Below are records; reproduce exactly the lines from the one containing "1. car from (160, 198) to (175, 208)" through the end, both included, and only those.

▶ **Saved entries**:
========
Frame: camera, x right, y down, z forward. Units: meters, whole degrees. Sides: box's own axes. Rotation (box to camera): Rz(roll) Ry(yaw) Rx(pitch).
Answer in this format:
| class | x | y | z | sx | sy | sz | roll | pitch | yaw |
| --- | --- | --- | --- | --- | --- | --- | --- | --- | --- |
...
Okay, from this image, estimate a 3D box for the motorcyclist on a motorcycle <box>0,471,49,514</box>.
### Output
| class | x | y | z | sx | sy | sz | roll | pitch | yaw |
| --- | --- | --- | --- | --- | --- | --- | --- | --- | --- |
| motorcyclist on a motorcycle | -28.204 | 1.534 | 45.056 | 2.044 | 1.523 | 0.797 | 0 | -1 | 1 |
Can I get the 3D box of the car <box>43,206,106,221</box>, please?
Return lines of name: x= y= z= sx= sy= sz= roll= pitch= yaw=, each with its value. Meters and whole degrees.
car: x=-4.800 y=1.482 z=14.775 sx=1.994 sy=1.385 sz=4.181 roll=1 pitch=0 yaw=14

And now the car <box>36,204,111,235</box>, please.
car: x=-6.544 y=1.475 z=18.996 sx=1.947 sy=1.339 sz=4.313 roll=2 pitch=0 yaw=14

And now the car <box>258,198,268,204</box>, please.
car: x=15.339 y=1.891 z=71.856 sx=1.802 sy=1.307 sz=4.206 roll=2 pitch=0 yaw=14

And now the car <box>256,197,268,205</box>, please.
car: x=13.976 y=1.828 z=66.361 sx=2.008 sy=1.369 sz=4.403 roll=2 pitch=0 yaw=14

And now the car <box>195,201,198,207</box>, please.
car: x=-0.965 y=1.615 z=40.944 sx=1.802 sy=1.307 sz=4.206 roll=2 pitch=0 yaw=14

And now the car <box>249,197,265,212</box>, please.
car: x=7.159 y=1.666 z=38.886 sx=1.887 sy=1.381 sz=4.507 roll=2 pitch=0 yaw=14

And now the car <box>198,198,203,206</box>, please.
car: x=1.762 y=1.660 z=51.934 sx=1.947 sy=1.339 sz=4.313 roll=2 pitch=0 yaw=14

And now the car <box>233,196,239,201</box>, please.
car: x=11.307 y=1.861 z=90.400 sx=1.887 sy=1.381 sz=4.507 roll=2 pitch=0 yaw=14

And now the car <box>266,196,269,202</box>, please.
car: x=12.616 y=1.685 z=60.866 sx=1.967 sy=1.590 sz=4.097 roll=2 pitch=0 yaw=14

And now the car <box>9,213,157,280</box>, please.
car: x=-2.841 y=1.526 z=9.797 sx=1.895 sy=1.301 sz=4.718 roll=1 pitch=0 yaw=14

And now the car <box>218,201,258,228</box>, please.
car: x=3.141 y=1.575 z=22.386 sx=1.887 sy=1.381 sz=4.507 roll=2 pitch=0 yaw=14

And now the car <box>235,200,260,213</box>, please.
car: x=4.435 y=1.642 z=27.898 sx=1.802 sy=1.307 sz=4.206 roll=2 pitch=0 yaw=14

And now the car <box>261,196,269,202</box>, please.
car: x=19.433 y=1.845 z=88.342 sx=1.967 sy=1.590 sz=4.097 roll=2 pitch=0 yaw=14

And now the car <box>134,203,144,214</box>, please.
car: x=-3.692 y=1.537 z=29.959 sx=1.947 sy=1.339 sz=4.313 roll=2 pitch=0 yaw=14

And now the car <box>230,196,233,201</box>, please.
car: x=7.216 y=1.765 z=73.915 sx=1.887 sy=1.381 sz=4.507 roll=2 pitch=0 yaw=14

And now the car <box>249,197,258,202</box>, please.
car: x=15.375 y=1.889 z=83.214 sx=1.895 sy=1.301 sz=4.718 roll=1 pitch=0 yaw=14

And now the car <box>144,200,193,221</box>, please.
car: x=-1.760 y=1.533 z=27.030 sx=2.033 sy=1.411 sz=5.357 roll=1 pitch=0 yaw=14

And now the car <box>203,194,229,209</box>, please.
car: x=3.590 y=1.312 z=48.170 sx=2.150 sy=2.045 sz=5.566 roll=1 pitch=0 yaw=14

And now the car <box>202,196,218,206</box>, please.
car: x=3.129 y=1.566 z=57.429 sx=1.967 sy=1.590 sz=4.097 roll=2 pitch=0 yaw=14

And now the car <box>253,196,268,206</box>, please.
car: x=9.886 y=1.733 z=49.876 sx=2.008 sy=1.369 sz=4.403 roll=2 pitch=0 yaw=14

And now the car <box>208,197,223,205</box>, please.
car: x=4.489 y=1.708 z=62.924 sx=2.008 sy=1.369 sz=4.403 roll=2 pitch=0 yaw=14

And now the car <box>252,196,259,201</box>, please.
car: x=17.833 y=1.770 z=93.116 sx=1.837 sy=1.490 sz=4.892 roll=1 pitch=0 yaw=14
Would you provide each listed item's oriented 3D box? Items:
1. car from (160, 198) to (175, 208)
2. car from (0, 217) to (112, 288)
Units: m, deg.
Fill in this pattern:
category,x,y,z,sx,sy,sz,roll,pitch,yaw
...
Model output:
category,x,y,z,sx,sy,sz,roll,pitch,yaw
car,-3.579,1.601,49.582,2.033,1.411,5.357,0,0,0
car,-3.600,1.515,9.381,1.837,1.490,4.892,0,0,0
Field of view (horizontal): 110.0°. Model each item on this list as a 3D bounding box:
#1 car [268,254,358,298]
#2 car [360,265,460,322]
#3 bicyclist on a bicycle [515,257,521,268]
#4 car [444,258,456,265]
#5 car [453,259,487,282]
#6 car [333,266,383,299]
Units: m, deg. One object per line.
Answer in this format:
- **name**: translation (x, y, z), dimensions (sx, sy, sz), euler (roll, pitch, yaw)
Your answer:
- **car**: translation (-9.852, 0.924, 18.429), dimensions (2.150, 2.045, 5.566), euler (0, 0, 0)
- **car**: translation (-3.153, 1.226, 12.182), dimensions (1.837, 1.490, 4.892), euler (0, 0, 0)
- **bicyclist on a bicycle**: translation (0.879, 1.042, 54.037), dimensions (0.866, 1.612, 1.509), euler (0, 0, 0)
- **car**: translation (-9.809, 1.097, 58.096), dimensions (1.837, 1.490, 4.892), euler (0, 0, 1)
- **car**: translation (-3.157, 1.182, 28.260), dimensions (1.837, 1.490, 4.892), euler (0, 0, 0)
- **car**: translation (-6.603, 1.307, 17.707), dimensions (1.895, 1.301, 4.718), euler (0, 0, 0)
========
▶ **The answer**:
1. car from (160, 198) to (175, 208)
2. car from (0, 217) to (112, 288)
Units: m, deg.
Fill in this pattern:
category,x,y,z,sx,sy,sz,roll,pitch,yaw
...
Model output:
category,x,y,z,sx,sy,sz,roll,pitch,yaw
car,-3.579,1.601,49.582,2.033,1.411,5.357,0,0,0
car,-3.600,1.515,9.381,1.837,1.490,4.892,0,0,0
Field of view (horizontal): 110.0°. Model each item on this list as a 3D bounding box:
#1 car [268,254,358,298]
#2 car [360,265,460,322]
#3 bicyclist on a bicycle [515,257,521,268]
#4 car [444,258,456,265]
#5 car [453,259,487,282]
#6 car [333,266,383,299]
Units: m, deg. One object per line.
Answer in this format:
- **name**: translation (x, y, z), dimensions (sx, sy, sz), euler (roll, pitch, yaw)
Your answer:
- **car**: translation (-9.852, 0.924, 18.429), dimensions (2.150, 2.045, 5.566), euler (0, 0, 0)
- **car**: translation (-3.153, 1.226, 12.182), dimensions (1.837, 1.490, 4.892), euler (0, 0, 0)
- **bicyclist on a bicycle**: translation (0.879, 1.042, 54.037), dimensions (0.866, 1.612, 1.509), euler (0, 0, 0)
- **car**: translation (-9.809, 1.097, 58.096), dimensions (1.837, 1.490, 4.892), euler (0, 0, 1)
- **car**: translation (-3.157, 1.182, 28.260), dimensions (1.837, 1.490, 4.892), euler (0, 0, 0)
- **car**: translation (-6.603, 1.307, 17.707), dimensions (1.895, 1.301, 4.718), euler (0, 0, 0)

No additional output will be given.